Your proposal is an alternate version of this:
create table state
(state_id number not null
, state_name varchar2(30)
, country_id number not null
, constraint state_pk primary key (state_id)
, constraint state_country_fk foreign key (country_id)
references country(country_id)
)
/
create table city
(city_id number not null
, city_name varchar2(30)
, country_id number not null
, state_id number not null
, constraint city_pk primary key (city_id)
, constraint city_country_fk foreign key (country_id)
references country(country_id)
, constraint city_state_fk foreign key (state_id)
references state(state_id)
)
/
create table neighbourhood
(neighbourhood_id number not null
, neighbourhood_name varchar2(30)
, country_id number not null
, state_id number not null
, city_id number not null
, constraint neighbourhood_pk primary key (neighbourhood_id)
, constraint neighbourhood_country_fk foreign key (country_id)
references country(country_id)
, constraint neighbourhood_state_fk foreign key (state_id)
references state(state_id)
, constraint neighbourhood_city_fk foreign key (city_id)
references city(city_id)
)
/
It avoids the compound keys but you still have that cascading data problem. Also it violates relational practice by introducing foreign keys for relationships which don't exist (there is no direct relationship between Neighbourhood and Country, it is implied through the intermediate linkages).
On the plus side, as you point out, this can be very helpful for running queries which want to return Neighbourhoods for a given Country. I have worked on one system where this was useful (actually it employed inherited compound keys, but the principle is the same). However, this was a very specialist data warehouse and even then the queries I ran were admin/developer queries rather than application ones. Unless you are dealing with huge amounts of data (millions of neighbourhoods) I think the performance gain from skipping a couple of joins would not be worth the overhead of managing those additional columns.

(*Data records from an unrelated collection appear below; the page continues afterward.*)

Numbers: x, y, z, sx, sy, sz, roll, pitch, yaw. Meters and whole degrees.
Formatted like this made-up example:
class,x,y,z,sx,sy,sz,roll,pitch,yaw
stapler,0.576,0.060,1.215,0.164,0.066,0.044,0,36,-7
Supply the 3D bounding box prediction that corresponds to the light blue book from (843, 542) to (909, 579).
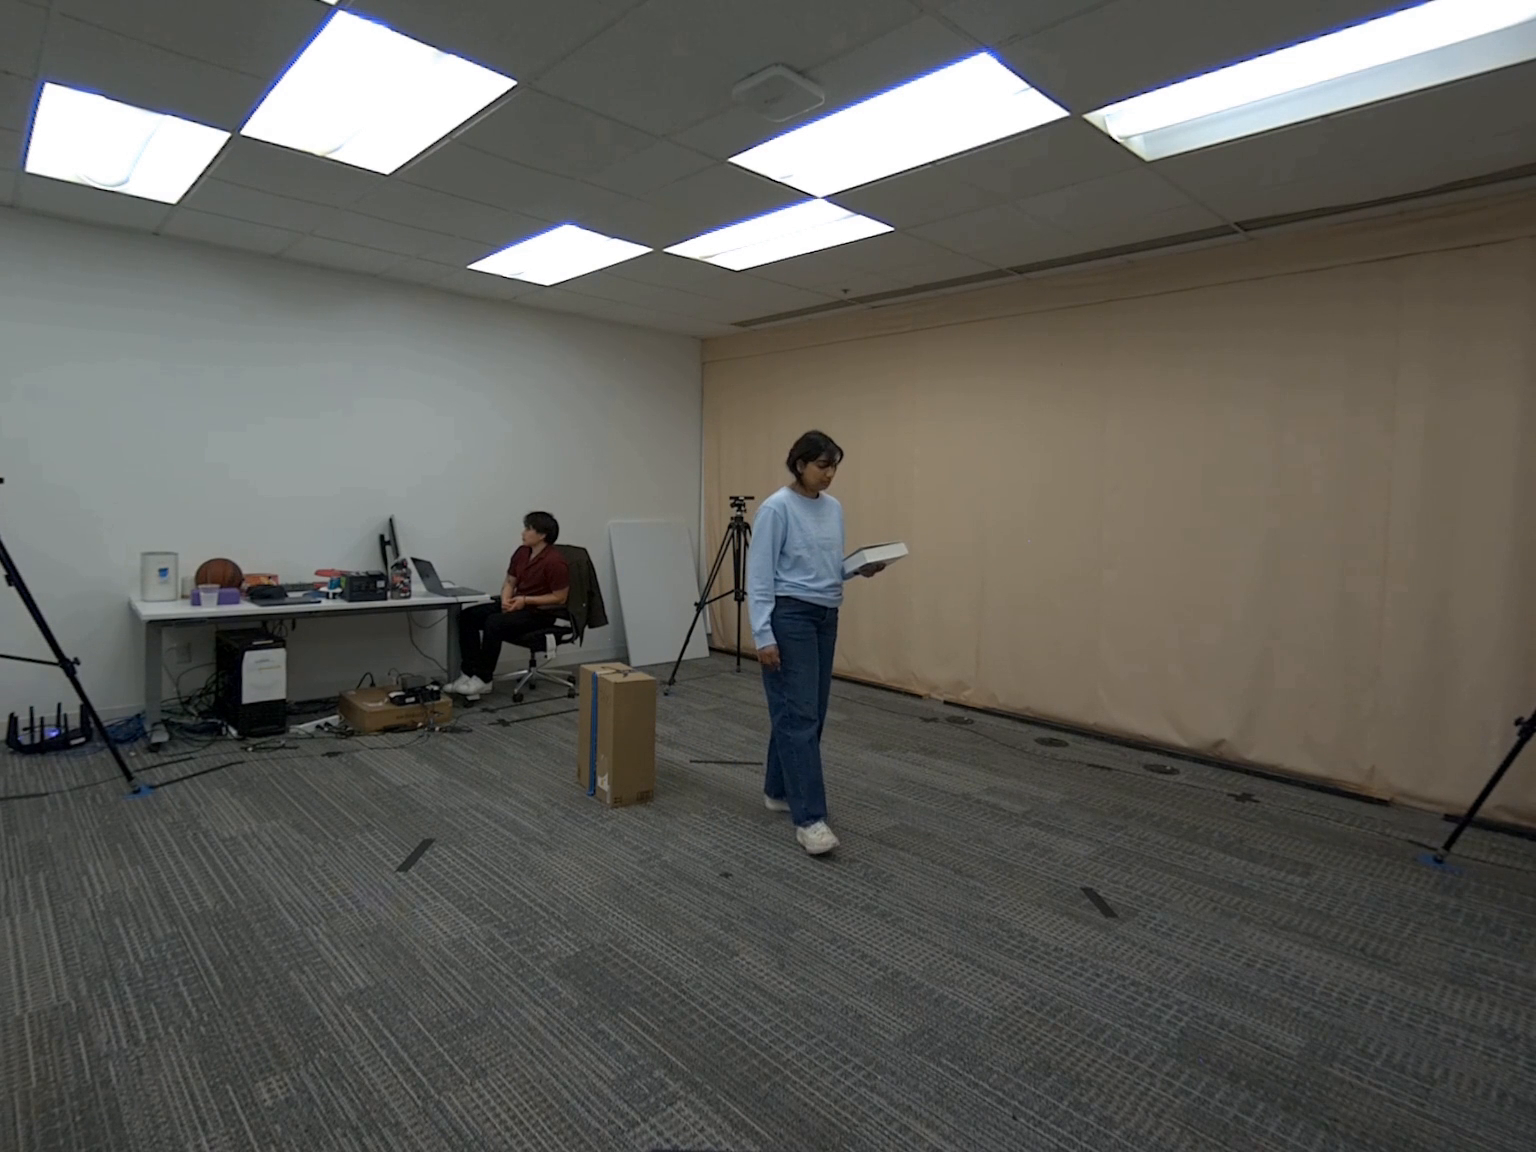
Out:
class,x,y,z,sx,sy,sz,roll,pitch,yaw
light blue book,0.429,-0.073,3.440,0.189,0.059,0.261,-10,-9,-15
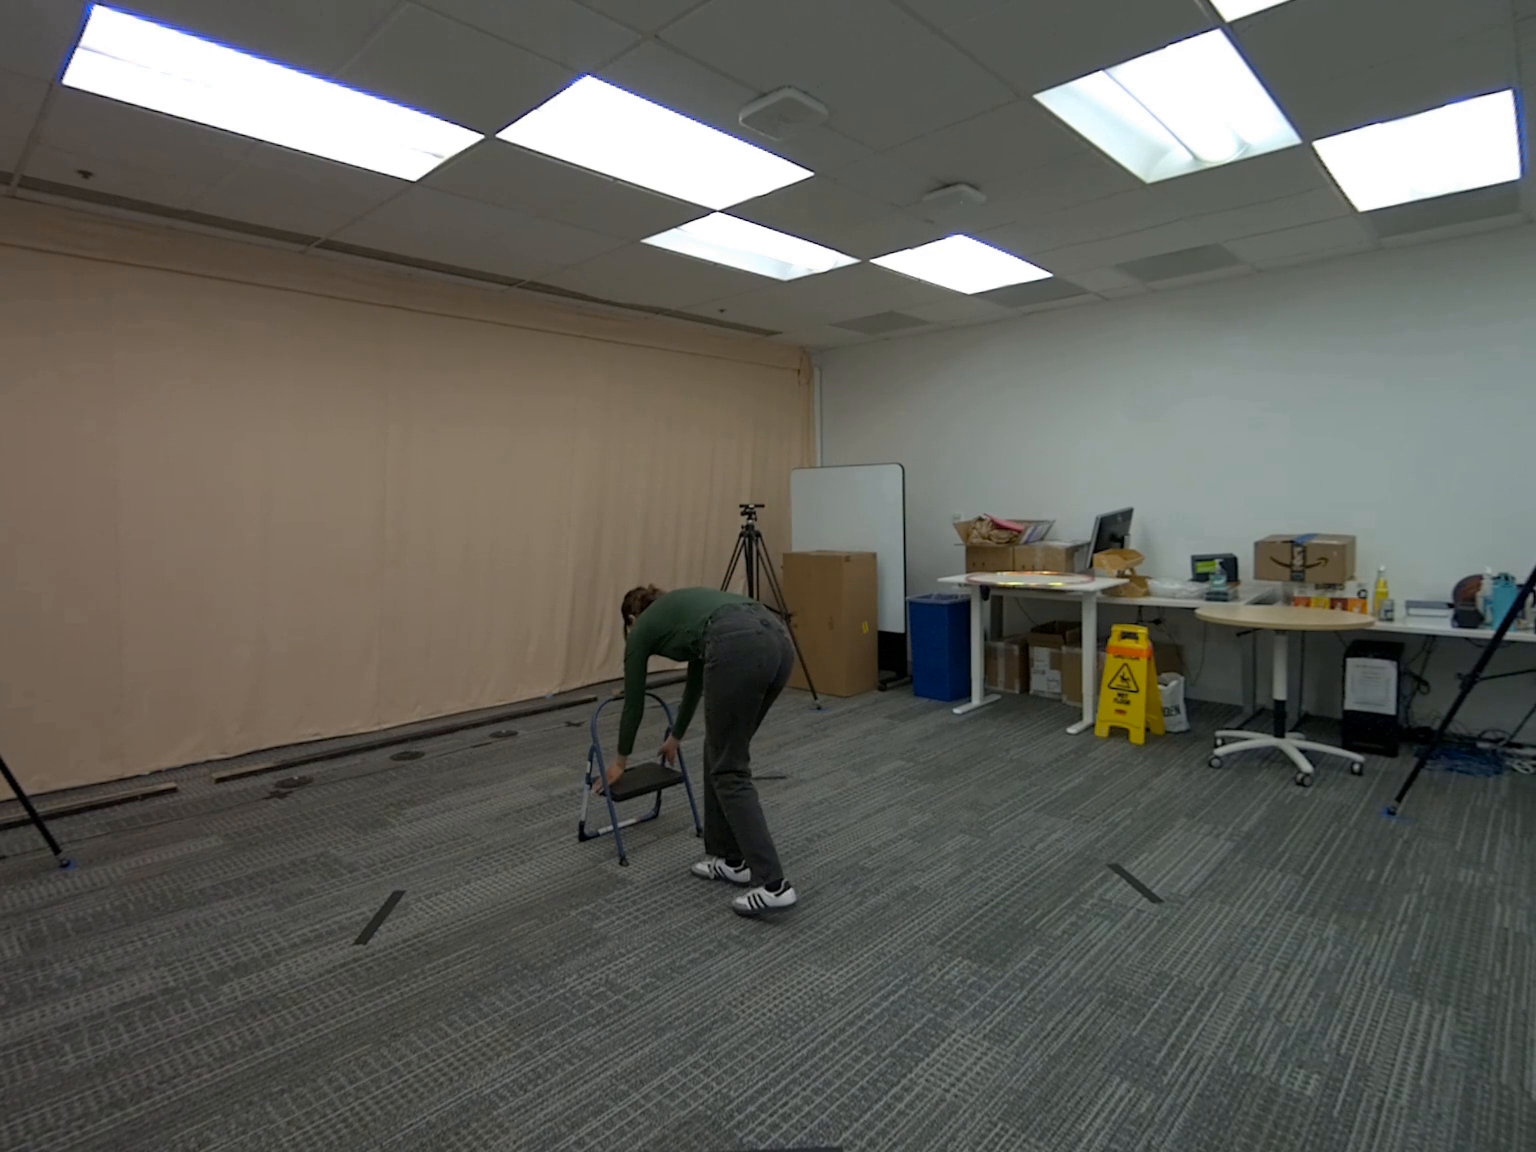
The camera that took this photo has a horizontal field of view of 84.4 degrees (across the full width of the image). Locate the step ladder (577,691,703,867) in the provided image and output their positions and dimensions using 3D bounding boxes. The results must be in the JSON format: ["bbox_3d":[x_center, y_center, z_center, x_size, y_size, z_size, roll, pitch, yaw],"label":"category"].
[{"bbox_3d":[-0.536,0.804,3.521,0.417,0.605,0.361,-4,4,-43],"label":"step ladder"}]
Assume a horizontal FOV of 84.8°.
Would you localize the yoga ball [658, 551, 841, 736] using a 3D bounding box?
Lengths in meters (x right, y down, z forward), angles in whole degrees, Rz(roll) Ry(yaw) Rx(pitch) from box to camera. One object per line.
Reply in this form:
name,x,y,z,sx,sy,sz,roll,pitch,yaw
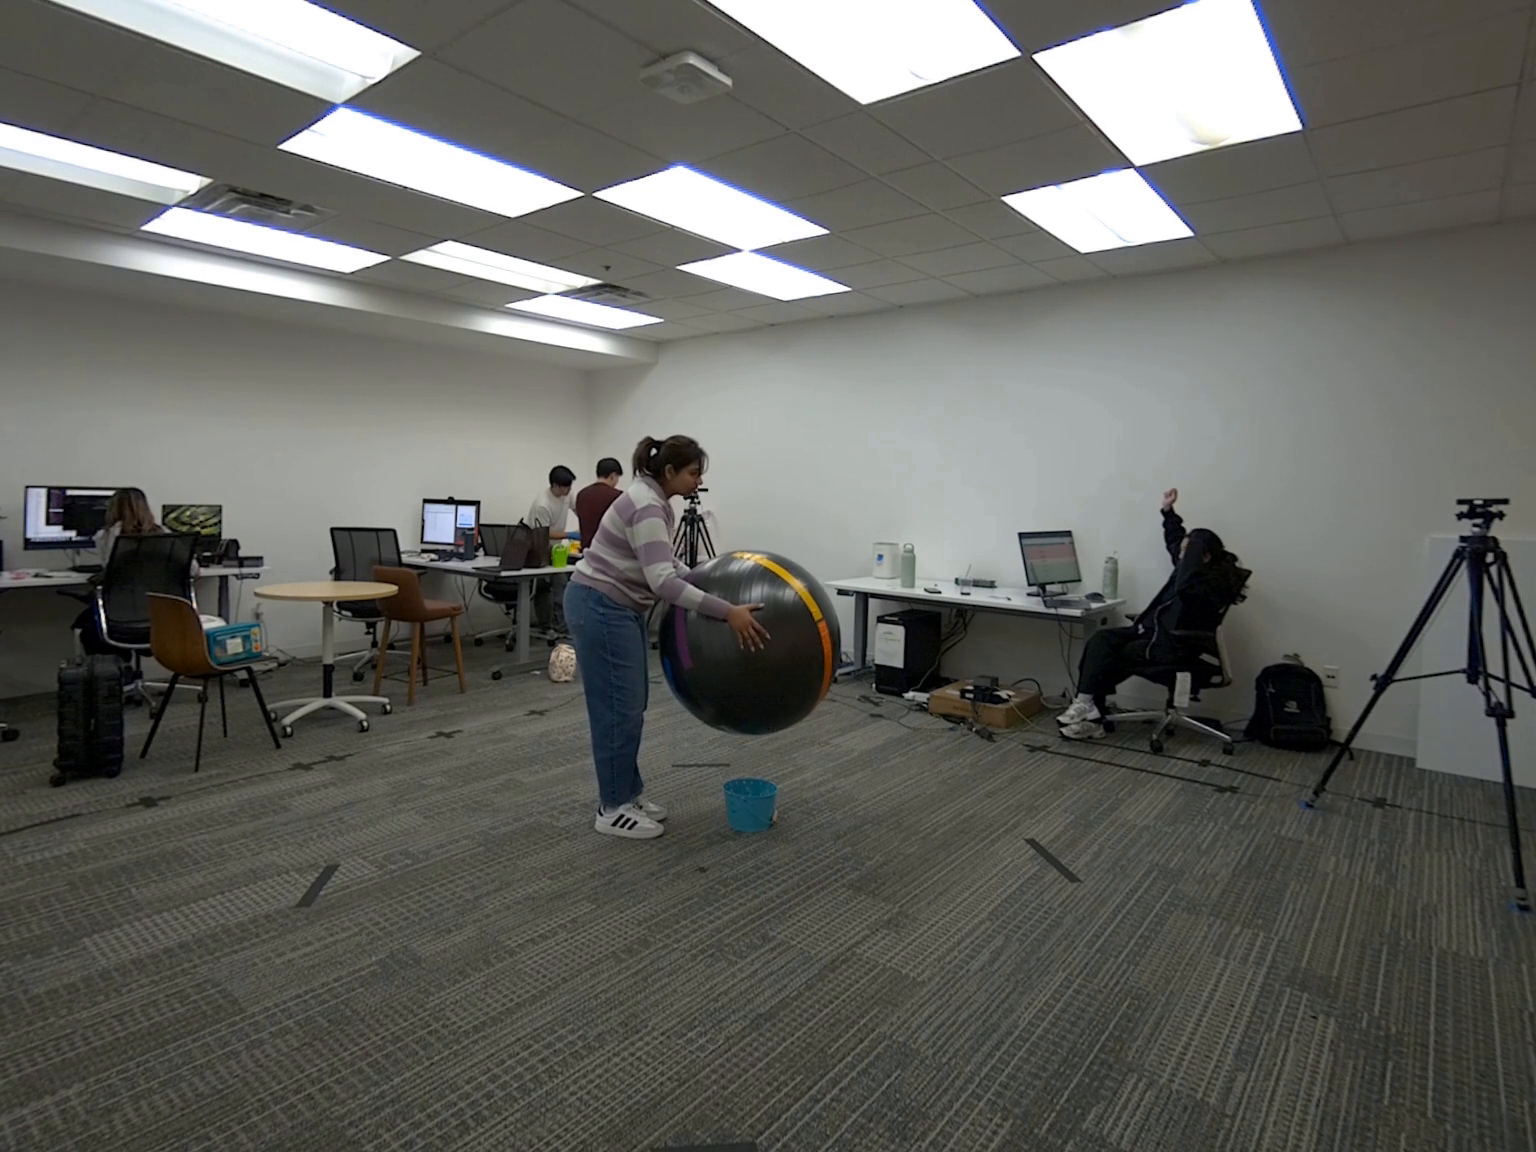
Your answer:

In short, use the first approach: it's neat and it's standard.
edit
"State should be optional though since
not all countries have a state. Then a
Country will connect with city
directly."
If true, that changes everything. Obviously STATE cannot be used as an identifying foreign key for CITY. So CITY must reference COUNTRY instead. STATE can be an optional lookup on CITY.
Although I think most countries do have some equivalent sub-division such as counties or departments. Even the microstates like Lichtenstein and San Marino have municipalities (Monaco has just the one). Perhaps the only nation which doesn't is Vatican City. So consider carefully whether to structure your data model to support one or two edge cases, or to munge the data by injecting an artificial "State" for exceptions such as the Holy See. Neither approach is entirely satisfactory.
"all these fields will be
auto-complete fields so not sure if
that alters the table structure in
anyway?"
Makes no difference.
"But who knows, few months later we
may discover some cool feature that
may need country to match with
neighbourhoods too."
Yes but then again you may not. XP has a powerful principle called YAGNI - You're aren't gonna need it. Basically, don't do a lot of work and complicate your design for the sake of some putative future requirement which might never arrive.
And if it does arrive then the first solution would be to join NEIGHBOURHOOD and COUNTRY through the intermediate tables (or table, if you don't use STATE as the referenced for CITY). Only if the performance of that query is Teh Suck! and it it stubbornly resists tuning should you consider tweaking the data model.